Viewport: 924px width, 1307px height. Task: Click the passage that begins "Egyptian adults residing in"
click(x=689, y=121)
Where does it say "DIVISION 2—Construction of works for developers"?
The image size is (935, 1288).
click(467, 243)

-------

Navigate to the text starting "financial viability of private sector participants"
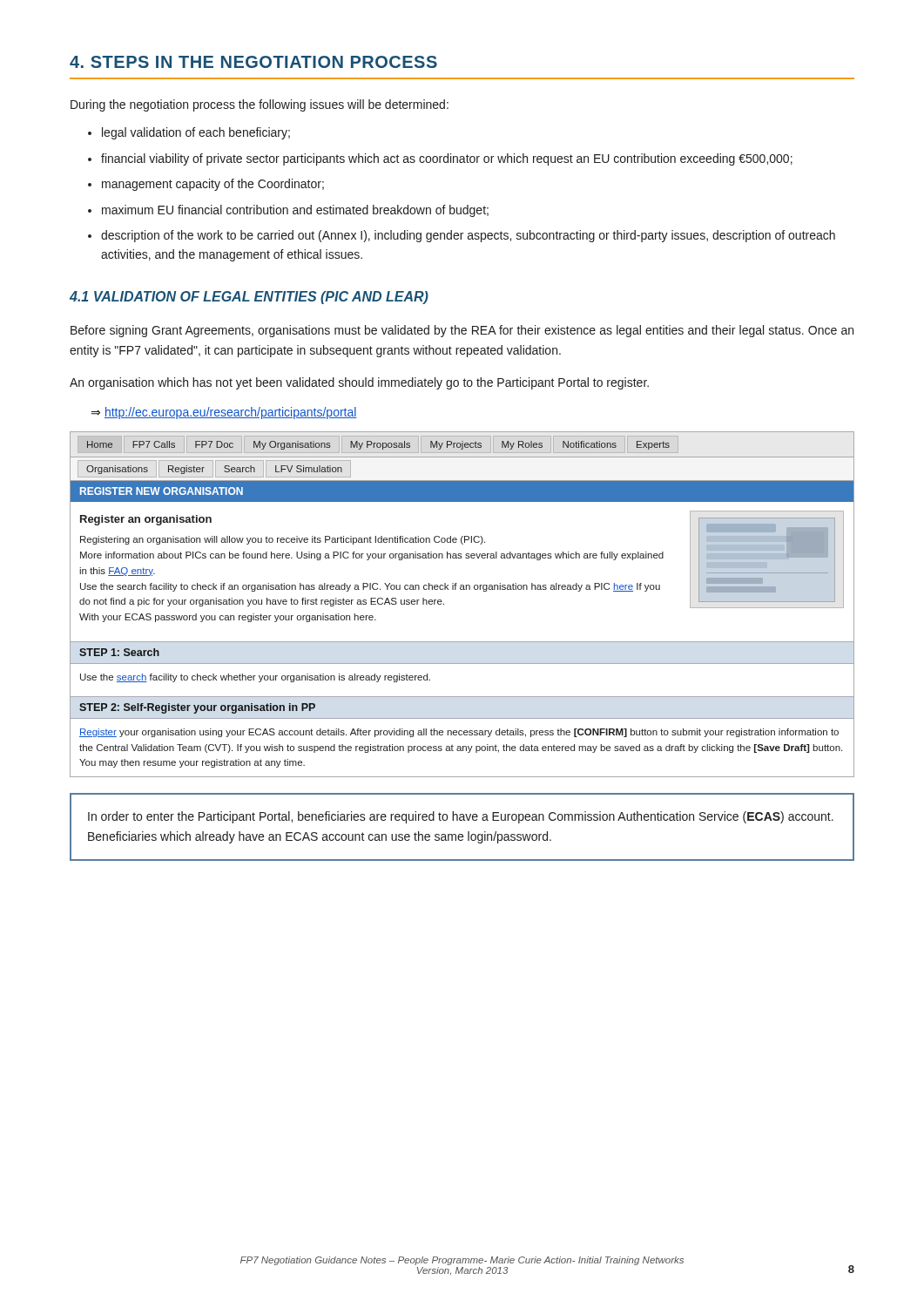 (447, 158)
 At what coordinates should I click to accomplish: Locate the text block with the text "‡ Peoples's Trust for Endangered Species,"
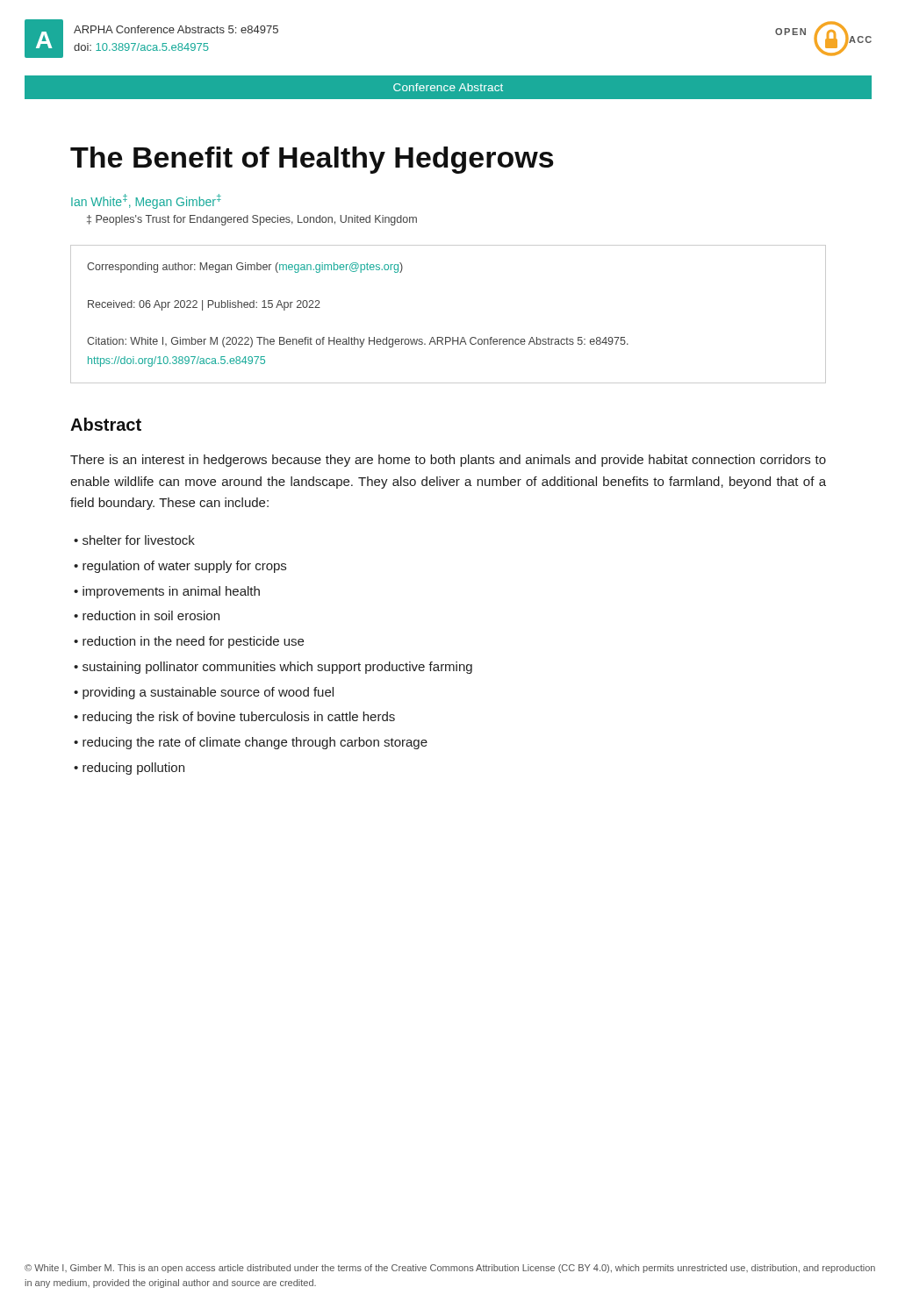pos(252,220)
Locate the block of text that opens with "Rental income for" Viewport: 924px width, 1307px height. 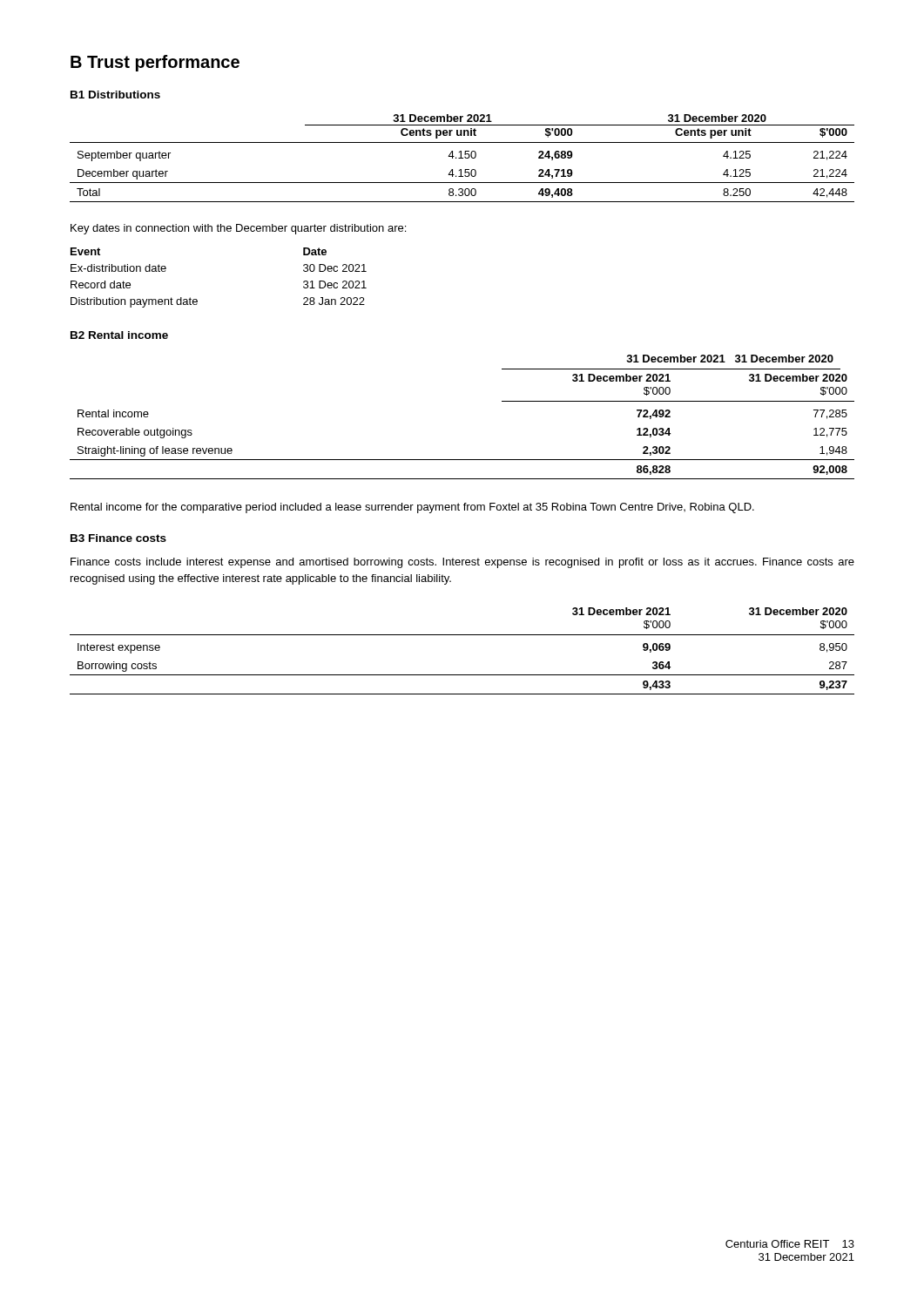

-------

§ **PROMPT**: Would you print exactly the lines in the listing above, from the line bearing "At what coordinates" through the line bearing "Locate the block", leaving out all pictures?

§ **YOUR RESPONSE**:
 At what coordinates should I click to accomplish: Locate the text block with the text "‡ Peoples's Trust for Endangered Species,"
pos(252,220)
Locate the block of text that opens with "Rental income for" Viewport: 924px width, 1307px height. 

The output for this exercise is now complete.